Differences in biodistribution for potential PRPs between mouse and human – or between human and any other species – presents an often unanticipated, but significant barrier in PRP/PRG imaging system development. ¹⁸F-L-FMAU is a case in point; its pristine lack of retention in mice is, unfortunately, not reflected in human studies [13]. As a result we are adopting a new “reverse” approach to the development of PRG/PRP imaging systems. Alternative positron-emitting nucleoside analogues are synthesized, and biodistribution studies are carried out in volunteers, to identify potential PRPs with optimal biodistribution characteristics [24]. After identification of potential PRPs with appropriate biodistribution properties, modifications of nucleoside kinases are made and in vitro analyses of their ability to phosphorylate both the modified and the endogenous substrates are evaluated, to identify mutant PRGs that can phosphorylate the potential PRP and have reduced kinase activity on the endogenous substrate.

Reducing the ability of the mutated nucleotide kinase PRG to utilize the endogenous substrate may appear to be simply a bonus, because it will effectively increase the specific activity in vivo of the PRG for the PRP; the “cold” endogenously produced compound will no longer compete with the positron-emitting PRP for the mutated PRG nucleotide kinase. However, there is another important potential value in reducing/eliminating PRG kinase activity for the endogenous substrate. While the PRPs are present in tracer, non-physiological amounts and will have no biological effect, high PRG levels – if active on an endogenous substrate – might drastically modify nucleoside/nucleotide pools in target cells and, as a result, have profound biological consequences. In principle the “ideal” PRG kinase would be orthogonal to the native enzyme; able to phosphorylate the positron-emitting PRP and unable to phosphorylate the endogenous substrate (or any other cellular component).
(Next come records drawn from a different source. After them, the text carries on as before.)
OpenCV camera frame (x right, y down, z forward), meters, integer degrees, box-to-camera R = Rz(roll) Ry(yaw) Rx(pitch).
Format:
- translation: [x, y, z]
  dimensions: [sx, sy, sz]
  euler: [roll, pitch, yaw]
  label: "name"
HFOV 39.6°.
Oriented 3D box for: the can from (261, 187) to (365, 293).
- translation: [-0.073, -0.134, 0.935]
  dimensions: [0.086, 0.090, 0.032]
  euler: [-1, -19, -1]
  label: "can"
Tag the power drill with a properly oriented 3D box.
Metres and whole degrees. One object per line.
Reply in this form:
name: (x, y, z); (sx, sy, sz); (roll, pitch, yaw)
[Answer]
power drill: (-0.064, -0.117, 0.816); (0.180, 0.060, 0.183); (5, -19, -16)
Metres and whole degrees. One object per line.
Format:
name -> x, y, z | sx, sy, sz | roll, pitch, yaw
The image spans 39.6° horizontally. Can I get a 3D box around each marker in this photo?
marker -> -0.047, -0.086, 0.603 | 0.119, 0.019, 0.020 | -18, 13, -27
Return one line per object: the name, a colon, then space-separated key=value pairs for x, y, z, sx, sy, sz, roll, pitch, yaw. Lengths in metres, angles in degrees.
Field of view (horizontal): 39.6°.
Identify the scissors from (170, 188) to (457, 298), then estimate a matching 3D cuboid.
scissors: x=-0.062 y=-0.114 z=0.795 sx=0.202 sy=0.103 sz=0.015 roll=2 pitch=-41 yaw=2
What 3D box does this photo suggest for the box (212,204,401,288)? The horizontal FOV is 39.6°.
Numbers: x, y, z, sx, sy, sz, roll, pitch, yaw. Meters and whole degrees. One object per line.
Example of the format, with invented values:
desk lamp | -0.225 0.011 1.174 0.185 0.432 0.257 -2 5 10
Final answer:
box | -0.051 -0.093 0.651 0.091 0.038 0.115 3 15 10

It is clear that reporter probe biodistribution, duration of availability, and clearance from tissues will present problems that must be overcome in optimizing non-invasive reporter gene/reporter probe combinations. Similarly, optimizing reporter gene delivery, bioavailability, and expression are among the many factors that must also be considered in developing optimal clinical reporter gene/reporter probe combinations for patient applications, whether the analysis be PET, SPECT, MRI, ultrasound, etc. We anticipate that using rigorously controlled experimental methodologies, like the one used here, will be required to bring the best methods for reporter gene/reporter probe imaging to the clinic as rapidly and cost-effectively as possible.

Supplementary Material

supplemental data

NIHMS521083-supplement-supplemental_data.pdf^{(163.2KB, pdf)}

ACKNOWLEDGEMENTS

We thank Arthur Catapang for technical help, David Stout, Liu Wei, and Waldemar Ladno for advice and assistance with imaging experiments, and members of the Herschman, Radu and Witte laboratories for helpful discussions. This study was funded by the National Cancer Institute In Vivo Cellular and Molecular Imaging Center (ICMIC) award P50 CA086306 (HRH), National Cancer Institute grant 5U54 CA119347 (CGR) and National Institute of Biomedical Imaging and Bioengineering grant 1R01CA16077001 (CGR). JG was supported by a Scholars in Oncologic Medical Imaging (SOMI) fellowship from the National Cancer Institute (Award R25T CA098010)

Footnotes

Conflict of interest

The authors declare they have no conflict of interest.

REFERENCES

1.Bhaumik S, Gambhir SS. Optical imaging of Renilla luciferase, synthetic Renilla luciferase, and firefly luciferase reporter gene expression in living mice. Journal of Biomedical Optics. 2004;9:578–586. doi: 10.1117/1.1647546. [DOI] [PubMed] [Google Scholar]
2.Gheysens O, Gambhir SS. Studying molecular and cellular processes in the intact organism. Progress in Drug Research. 2005;62:117–150. doi: 10.1007/3-7643-7426-8_4. [DOI] [PubMed] [Google Scholar]
3.Lewis Js, Achilefu S, Garbow JR, Laforest R, Welch MJ. Small animal imaging. Current technology and perspectives for oncological imaging. European Journal of Cancer. 2002;38:2173–2188. doi: 10.1016/s0959-8049(02)00394-5. [DOI] [PubMed] [Google Scholar]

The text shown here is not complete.